No other Members spoke on the budget amendment.
The Chair asked Jonathan Essex, as proposer of the budget amendment to conclude the debate:
· Thanked all for listening and thanked the Leader for responding.
· Noted that the bus review had closed, and the responses were being reviewed by officers.
· Noted that he was happy to withdraw the budget amendment and was happy with the Leader’s suggestion to refer budget proposals two and three to the Greener Futures Reference Group and the Communities, Environment and Highways Select Committee; to be considered in a cross-party manner and in-depth.
· Regarding the first budget proposal, he understood that the Council recently closed a children's home and had converted a children's home into a No Wrong Door centre; the new openings were effectively following two recent closures.
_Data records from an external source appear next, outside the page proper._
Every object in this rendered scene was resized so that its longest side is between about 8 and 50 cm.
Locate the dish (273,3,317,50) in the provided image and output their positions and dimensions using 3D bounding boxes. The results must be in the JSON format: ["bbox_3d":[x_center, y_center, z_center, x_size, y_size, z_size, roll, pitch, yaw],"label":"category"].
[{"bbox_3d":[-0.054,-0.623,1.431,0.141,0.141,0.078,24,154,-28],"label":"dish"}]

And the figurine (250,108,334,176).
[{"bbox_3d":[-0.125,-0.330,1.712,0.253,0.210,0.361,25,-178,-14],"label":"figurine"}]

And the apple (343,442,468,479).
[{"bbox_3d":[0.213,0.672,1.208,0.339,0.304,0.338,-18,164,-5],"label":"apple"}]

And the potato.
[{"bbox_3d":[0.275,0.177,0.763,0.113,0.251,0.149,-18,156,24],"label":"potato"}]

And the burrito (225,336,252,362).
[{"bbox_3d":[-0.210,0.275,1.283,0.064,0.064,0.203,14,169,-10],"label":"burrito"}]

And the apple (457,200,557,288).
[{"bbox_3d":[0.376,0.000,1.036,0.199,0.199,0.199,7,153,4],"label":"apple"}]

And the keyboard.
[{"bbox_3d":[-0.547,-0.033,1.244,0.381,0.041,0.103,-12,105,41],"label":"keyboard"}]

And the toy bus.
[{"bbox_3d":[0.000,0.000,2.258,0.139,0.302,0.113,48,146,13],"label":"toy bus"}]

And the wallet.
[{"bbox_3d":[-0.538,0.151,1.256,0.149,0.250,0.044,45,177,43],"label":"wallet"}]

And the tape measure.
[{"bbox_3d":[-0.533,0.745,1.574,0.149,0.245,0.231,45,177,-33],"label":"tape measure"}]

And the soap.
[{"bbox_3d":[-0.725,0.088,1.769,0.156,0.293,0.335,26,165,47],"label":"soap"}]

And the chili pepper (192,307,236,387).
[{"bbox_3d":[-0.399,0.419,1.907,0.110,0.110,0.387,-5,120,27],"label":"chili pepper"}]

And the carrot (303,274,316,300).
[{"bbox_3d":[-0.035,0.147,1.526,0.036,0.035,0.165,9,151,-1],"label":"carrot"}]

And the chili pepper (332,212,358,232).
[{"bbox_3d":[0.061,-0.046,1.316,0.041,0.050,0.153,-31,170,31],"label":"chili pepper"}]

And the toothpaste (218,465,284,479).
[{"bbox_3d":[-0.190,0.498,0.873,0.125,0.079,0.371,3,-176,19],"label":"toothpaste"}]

He also understood that there was a budget to provide some new children's homes and he noted that the first budget proposal was nothing more than asking the Council to do more on the matter.
Under Standing Order 20.2 Members consented to the withdrawal of Jonathan Essex’s budget amendment.
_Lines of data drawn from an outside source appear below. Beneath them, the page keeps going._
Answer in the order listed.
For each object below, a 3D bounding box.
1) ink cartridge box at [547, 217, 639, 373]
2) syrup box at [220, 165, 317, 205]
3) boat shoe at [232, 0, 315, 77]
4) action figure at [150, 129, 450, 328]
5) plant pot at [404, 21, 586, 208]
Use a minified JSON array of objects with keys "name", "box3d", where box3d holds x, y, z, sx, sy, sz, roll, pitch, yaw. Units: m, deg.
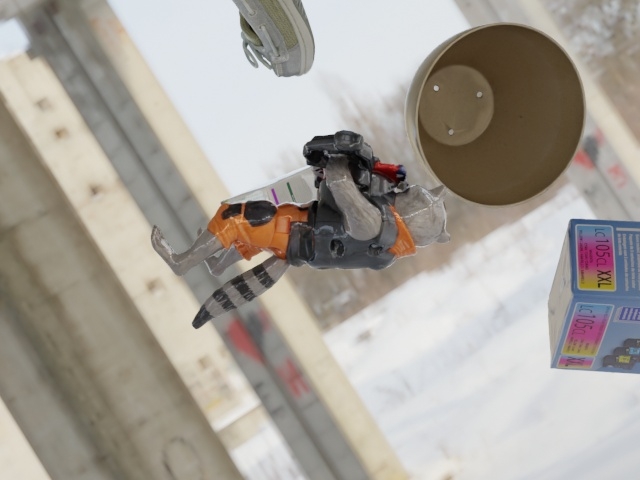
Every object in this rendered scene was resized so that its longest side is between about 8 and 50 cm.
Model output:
[{"name":"ink cartridge box","box3d":[0.569,0.096,2.209,0.395,0.151,0.270,1,-30,2]},{"name":"syrup box","box3d":[-0.048,-0.056,2.238,0.093,0.096,0.237,-18,4,32]},{"name":"boat shoe","box3d":[-0.078,-0.295,1.743,0.103,0.118,0.320,-20,-21,0]},{"name":"action figure","box3d":[0.000,0.000,1.720,0.330,0.178,0.341,-11,-17,12]},{"name":"plant pot","box3d":[0.247,-0.205,2.231,0.284,0.284,0.191,-32,19,-10]}]

The Chair confirmed that Jonathan Essex had withdrawn his budget amendment.
Returning to the original budget proposals,the Leader made the following comments in response:
· Reminded Members that there had been multiple briefings on the budget since June 2022 and plenty of opportunities to engage in the process, including two all-Member budget briefings, multiple informal select committee briefings, an opposition party briefing, the early draft budget went to the Cabinet and the select committees scrutinised the draft budget proposals and the final draft budget went to the Cabinet in January 2023.
· Noted that there was the same approach annually from the opposition parties at the Council’s Budget meeting with political grandstanding, andquestioned what the point was of having the select committees if they did not engage with those; no budget amendment was put forward from the Residents' Association and Independent Group - the largest opposition group - whose Group Leader was the Chairman of the most important select committee.
· Clarified that all the recommendations that went to the Cabinet from the select committees and then to Council had been accepted, nothing had been ignored.
· Concluded that there were no budget amendments from the other three opposition parties, no suggestions on how to spend the budget until today, no support for a legal budget, no input through the select committee process; no leadership, accountability or responsibility and that they should be ashamed.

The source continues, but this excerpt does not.